我在我爸的棍棒之下
一生都在反复的噩梦我经常反复做同样一个梦,这个梦里有一个老式菜橱,土红色的漆面,橱子左边是一个一米多高的带门储藏层,右边是三个小抽屉和一个四十公分的放碗筷的单开橱。那个左边的橱门里面总是有东西在撞门,啪啪啪!橱子内部,亮亮的眼珠,剧烈的咳嗽,在漆黑一片中,你只能靠仔细听才能分辨出那里关着个小孩。
那个孩子就是我。
五岁那年的冬天,我受凉了,妈妈拿一包药煮给我喝,把碗端到我跟前的时候,爸爸在旁边耷拉着脸,抽着烟。(我后来越来越不敢看他的脸,却练就了能看懂人的各种表情的本事,这能力就是从我爸那儿得到的,因为我得随时关注他的喜怒哀乐,避免皮肉之苦。)
那天我喝了药之后就睡了,可是入夜之后,我开始咳嗽加剧,妈妈起床帮我拍背,爸爸忽然冲了过来,掀起被子把我拎出被窝,打开门,把我直接扔了出去。

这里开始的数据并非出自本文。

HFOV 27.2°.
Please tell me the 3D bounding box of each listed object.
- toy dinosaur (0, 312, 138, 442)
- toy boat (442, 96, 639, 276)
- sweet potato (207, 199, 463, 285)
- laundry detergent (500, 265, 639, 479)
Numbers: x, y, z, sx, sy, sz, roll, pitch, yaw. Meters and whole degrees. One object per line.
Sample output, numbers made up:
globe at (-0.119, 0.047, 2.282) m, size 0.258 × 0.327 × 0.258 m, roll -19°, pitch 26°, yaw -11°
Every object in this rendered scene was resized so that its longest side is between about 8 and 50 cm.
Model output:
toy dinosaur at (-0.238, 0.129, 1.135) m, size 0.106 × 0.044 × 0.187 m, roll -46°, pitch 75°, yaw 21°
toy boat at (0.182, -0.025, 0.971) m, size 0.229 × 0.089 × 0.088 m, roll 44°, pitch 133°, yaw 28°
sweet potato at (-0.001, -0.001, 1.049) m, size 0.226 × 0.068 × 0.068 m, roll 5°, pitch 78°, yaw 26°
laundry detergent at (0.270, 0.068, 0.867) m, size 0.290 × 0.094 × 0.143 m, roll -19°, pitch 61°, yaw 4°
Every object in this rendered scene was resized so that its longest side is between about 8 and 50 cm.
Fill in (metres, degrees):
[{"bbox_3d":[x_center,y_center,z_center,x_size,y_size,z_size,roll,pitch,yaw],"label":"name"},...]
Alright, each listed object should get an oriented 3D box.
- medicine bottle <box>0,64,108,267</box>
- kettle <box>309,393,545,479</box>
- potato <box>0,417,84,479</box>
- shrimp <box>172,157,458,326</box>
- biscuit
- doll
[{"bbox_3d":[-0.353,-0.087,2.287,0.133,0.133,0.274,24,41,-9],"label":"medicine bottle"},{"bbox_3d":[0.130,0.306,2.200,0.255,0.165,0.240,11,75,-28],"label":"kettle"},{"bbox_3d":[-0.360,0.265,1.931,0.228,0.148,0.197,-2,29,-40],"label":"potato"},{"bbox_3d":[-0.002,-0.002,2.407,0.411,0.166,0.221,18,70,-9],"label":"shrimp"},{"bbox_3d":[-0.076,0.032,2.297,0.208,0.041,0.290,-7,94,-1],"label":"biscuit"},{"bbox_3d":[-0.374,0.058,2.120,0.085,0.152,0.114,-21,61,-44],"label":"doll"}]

冬天,外面还有猫叫春的声音,五岁的我最怕猫叫,哭着绝望地砸门,可是爸爸就是不开,在屋里吼:再让你吃咸菜!
我趴在门上,吓得转头看背后是不是有鬼,又害怕又崩溃。
最后的回忆只剩下了:“啪啪啪”的砸门声#8943;#8943;大概是担心我会被冻死在门外,我又被拎了进来,被扔进了那个老式菜橱。
一条裤衩一个背心,我已经记不清自己当年被爸爸这样关过多少回,那个橱子后来简直成了我的窝。
我不愿回忆这些,但噩梦常常会来提醒我,一点不在乎我为遗忘做出的努力。我至今睡眠不好,常常在夜里惊醒。小时候半夜醒来会看看身边是爸爸还是妈妈,要是妈妈我会安稳地睡下,如果发现是爸爸睡在旁边,我就睡不着了。
有次夜里我又醒了,不敢开灯,怕开灯影响爸爸睡觉又会挨打,就偷偷地摸旁边人的嘴唇,有胡子的是爸爸,没胡子的就是妈妈,就这样我来来回回地摸 ......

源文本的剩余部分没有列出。